Someone annoys you, they say something or do something and it’s stupid and it winds you up.You get cross, your stomach clenches, your brow knots up, you say something to point out their stupidity and it comes out strangulated sounding and high-pitched, but it needed to be said.You’re still angry but they needed to be told, and you rightly took on the task of doing something which my dad used to call, telling them their fortune, which means that as well as explaining how mistaken they were in what they said or did, you let them know a bit about where this kind of thing will lead them, somewhere where all the idiots in the world will ultimately find themselves.
They’re WRONG and you’re RIGHT
To your dismay the object of your scorn, the lower life-form who inflicted this aggravation on you, rather than having a light-bulb moment of self-realisation that they are indeed mistaken and withdrawing from their previous course of behaviour, they counter-attack and produce something even more provoking from their arsenal of lame retorts, and the result of that is that your blood pressure goes up another notch, you can hardly breath, you’re so caught up in the outrage of having to deal with such crappy behaviour, and you wouldn’t mind so much but they are just so bloody wrong, they’re WRONG and you’re RIGHT.
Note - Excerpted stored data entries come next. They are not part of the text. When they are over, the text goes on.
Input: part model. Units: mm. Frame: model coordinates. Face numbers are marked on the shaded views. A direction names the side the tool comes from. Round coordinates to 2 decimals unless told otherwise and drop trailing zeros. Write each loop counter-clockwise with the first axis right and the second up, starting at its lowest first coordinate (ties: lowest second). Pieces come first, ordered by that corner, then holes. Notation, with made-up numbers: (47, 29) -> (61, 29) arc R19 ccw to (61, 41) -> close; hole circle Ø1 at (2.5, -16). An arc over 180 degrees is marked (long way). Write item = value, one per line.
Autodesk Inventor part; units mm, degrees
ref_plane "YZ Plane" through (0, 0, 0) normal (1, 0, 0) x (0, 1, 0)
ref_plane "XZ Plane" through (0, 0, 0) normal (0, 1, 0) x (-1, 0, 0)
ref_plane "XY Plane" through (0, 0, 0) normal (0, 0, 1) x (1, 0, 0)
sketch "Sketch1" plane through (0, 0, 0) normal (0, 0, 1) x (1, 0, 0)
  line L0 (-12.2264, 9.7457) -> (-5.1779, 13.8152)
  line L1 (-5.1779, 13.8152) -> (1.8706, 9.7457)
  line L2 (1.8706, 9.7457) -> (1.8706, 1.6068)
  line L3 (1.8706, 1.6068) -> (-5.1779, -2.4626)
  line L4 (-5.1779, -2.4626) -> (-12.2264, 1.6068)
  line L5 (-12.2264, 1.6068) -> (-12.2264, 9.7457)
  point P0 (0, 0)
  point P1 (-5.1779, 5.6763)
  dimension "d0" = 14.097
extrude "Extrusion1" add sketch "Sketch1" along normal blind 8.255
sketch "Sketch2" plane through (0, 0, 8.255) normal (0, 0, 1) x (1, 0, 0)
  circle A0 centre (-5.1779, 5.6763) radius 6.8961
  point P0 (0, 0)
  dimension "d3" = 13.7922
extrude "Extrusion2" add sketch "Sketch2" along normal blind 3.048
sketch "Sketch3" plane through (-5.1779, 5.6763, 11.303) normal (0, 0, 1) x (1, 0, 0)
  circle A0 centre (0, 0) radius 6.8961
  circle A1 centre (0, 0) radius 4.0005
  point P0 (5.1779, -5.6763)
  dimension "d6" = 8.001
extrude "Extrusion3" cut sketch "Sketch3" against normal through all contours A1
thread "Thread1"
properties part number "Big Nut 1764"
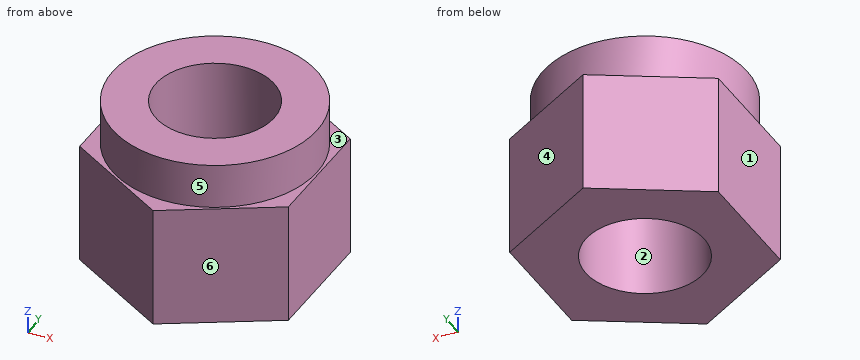
1) First-contact query: P1, Ø5, axis at x = -7, z = 4.5, coming from the -Y side; P2, Ø1.5, axis at y = 7.5, z = 9.5, coming from the +X side; P3, Ø1, axis at x = -6.5, z = 9.5, coming from the -Y side. Flat tips, straight axial feed; report the tip coordinate or a pass-through.
Solutions:
P1 = -2.46
P2 = 1.63
P3 = -1.17
2) Draft query along X for the marked faces 1, 2, 3 and 4. Return one class per face: +X half, -X half, draft (parallel to the pull), parting line (faces both ways), or undercut.
Solutions:
face_1 = -X half
face_2 = undercut
face_3 = draft
face_4 = +X half
3) Cut plane B-B (z = 3.25). Return the cut outline in (x, y), and give its area (3 significant figures).
Solutions:
outline = (-12.23, 1.61) -> (-5.18, -2.46) -> (1.87, 1.61) -> (1.87, 9.75) -> (-5.18, 13.82) -> (-12.23, 9.75) -> close; hole circle Ø8 at (-5.18, 5.68)
area = 122 mm^2
4) Line query: L1, parallel to X at y = 4.5, z = 8; L2, parallel to X at y = 5.25, z = 7; L3, parallel to Y at x = -7, z = 9.75. Output: solid intervals per line, ascending. Write a range as from..to.
Solutions:
L1 = -12.23..-9, -1.35..1.87
L2 = -12.23..-9.16, -1.2..1.87
L3 = -0.97..2.11, 9.24..12.33
5) Cut plane D-D (x = 0). Return the cut outline in (y, z) (3 decimals).
Solutions:
outline = (0.527, 0) -> (10.826, 0) -> (10.826, 8.255) -> (10.231, 8.255) -> (10.231, 11.303) -> (1.122, 11.303) -> (1.122, 8.255) -> (0.527, 8.255) -> close
6) Cut plane A-A (x = -1.75). Return the cut outline in (y, z) (3 decimals), and give its area (3 significant figures).
Solutions:
outline = (-0.484, 0) -> (3.614, 0) -> (3.614, 11.303) -> (-0.307, 11.303) -> (-0.307, 8.255) -> (-0.484, 8.255) -> close; (7.739, 0) -> (11.836, 0) -> (11.836, 8.255) -> (11.66, 8.255) -> (11.66, 11.303) -> (7.739, 11.303) -> close
area = 91.6 mm^2
7) Cut plane C-C (y = 6.5). Return the cut outline in (x, z) (3 decimals).
Solutions:
outline = (-12.226, 0) -> (-9.093, 0) -> (-9.093, 11.303) -> (-12.025, 11.303) -> (-12.025, 8.255) -> (-12.226, 8.255) -> close; (-1.263, 0) -> (1.871, 0) -> (1.871, 8.255) -> (1.669, 8.255) -> (1.669, 11.303) -> (-1.263, 11.303) -> close
8) Access query for the marked faces 5 and 6. Directions: +Z, -Z, +X, -X, +Y, -Y. A direction counts if a zero-diameter tool reaches every point of the face in a straight line with its end or side. Return the directions, or none.
Solutions:
face_5 = +Z
face_6 = +Z, -Z, +X, -Y

It doesn’t feel right though, does it? All this tightness and prickly heat and your head feeling full and swollen.It feels awful and it feels awfully familiar, tediously familiar, not only familiar but as if it’s drawing you in, as if you aren’t able to control its inevitable outcome.And that outcome, if you’re honest, is rarely productive.
So what can you do differently?How can you right the wrongs of others, which is clearly your responsibility?
That’s just it, though, isn’t it? It’s not your responsibility.And that’s just part of it, because you do have a responsibility, but your real responsibility is to yourself.
Now this might seem counter-intuitive, but if you read ‘Blink’ by Malcolm Gladwell, and observe life generally, you might find that intuitive behaviour isn’t always the most helpful-indeed, according to Gladwell it is often base and beset by deeply held prejudices, prejudices which if we wish to question, assess and avoid we need to engage our reasoning brain, and this isn’t given an opportunity to happen when we are feeling hot-headed and impulsive.
So this is why what I ask you to do instead is to let them off the hook.
Letting them off the hook means allowing them their transgression, and it also means sparing yourself from the wear and tear of a hit of adrenaline that has nowhere to go except to course around inside you stressing you and leaving you depleted emotionally and physically and, don’t forget, you didn’t ‘win’ anyway.The only winner was that old dynamic of attack and defence on both sides leading both parties, you and the idiot in question, towards upset and weariness.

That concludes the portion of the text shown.